Am Ende, las ich vor kurzem, seien die toten Dichter nur mehr Fragezeichen. Diese Vorstellung gefällt mir: ein Zeichen im Satz, im Satzbau, im Sprachgefüge sein. Eine Schlange über einem Punkt. Etwas, das den Satz öffnet.

Tatsächlich ist das Autorenbild, das wir uns machen, wichtig allein für uns. Über uns wirft es seinen Schatten, in uns wirft es sich zurück. Welche Möglichkeiten räumen wir anderen - und damit auch uns ein? Wie möblieren wir den eigenen Kopf?

Das Gesicht in die Hände geben. Cousine Kath, flüsternd, im Kirschbaum versteckt. Ein Stück Sehnsucht nach Geborgenheit drückt sich darin aus. Wir spüren sie im Lesen der Frau, die nicht Mann war, als Frau aber Männer(n) nachspielte. Die sich verschubladete, verlor, aufspannte, einriß, sich am Riemen riß, die Hände ins Gesicht schlug, das Gesicht in die Hände gab, den Kopf senkte, den Boden sah, die eigene Haut.

Seltsame, manchmal schwer erträgliche Buchstaben der Verwischung und des Exhibitionismus, des Spiels, der Koketterie. Das Gesicht in die Hände, die Hände vors Gesicht: aus Scham, Neugier und Lust. Bachmanns Erzählungen werden so wenig fiktiv, weil sie ein Sprechen über sich selbst bleiben, nur im Modus eines anderen. Sie werden so wenig lebendig, weil sie nicht sprechen über einen anderen, dem man sich hingibt, um abzusehen von sich. Bachmann gibt das Gesicht in die Hände, lugt uns durch die Finger an. Damit spielte sie ein sehr zeitgenössisches Spiel, das der Authentizität, vermittelt über Biographie.
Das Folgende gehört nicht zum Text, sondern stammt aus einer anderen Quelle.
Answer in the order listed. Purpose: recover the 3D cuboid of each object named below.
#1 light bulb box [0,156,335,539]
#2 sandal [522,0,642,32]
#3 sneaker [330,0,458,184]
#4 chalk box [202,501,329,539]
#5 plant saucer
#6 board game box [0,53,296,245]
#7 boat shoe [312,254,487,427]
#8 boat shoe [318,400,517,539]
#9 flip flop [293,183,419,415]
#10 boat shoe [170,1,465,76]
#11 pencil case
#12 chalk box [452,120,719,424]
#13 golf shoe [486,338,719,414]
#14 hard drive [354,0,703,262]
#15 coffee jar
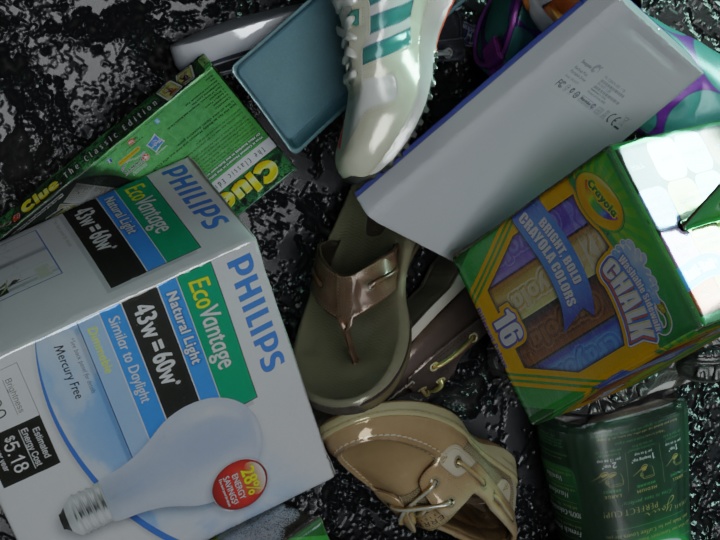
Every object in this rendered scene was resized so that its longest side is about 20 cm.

Doch das Gesicht in die Hände zu geben ist auch eine Geste der Liebe, der Übergabe. Zu selten fühlen wir, daß Texte und damit Autorenbilder, die Leben waren, uns und unserer Lektüre anvertraut sind. Wir dürfen stehen und lauschen, ohne alles verstehen zu müssen.

Schauen wir noch einmal hin. Im Bild von Hand und Gesicht und ihrer Bewegung aufeinander zu ist Schreiben doppelt gezeichnet.

Ulrike Draesner lebt als freie Schriftstellerin in Berlin. Zuletzt erschien der Roman "Spiele" bei Luchterhand. Dies ist die gekürzte Fassung einer Rede, die sie am 23. Juni in Klagenfurt gehalten hat.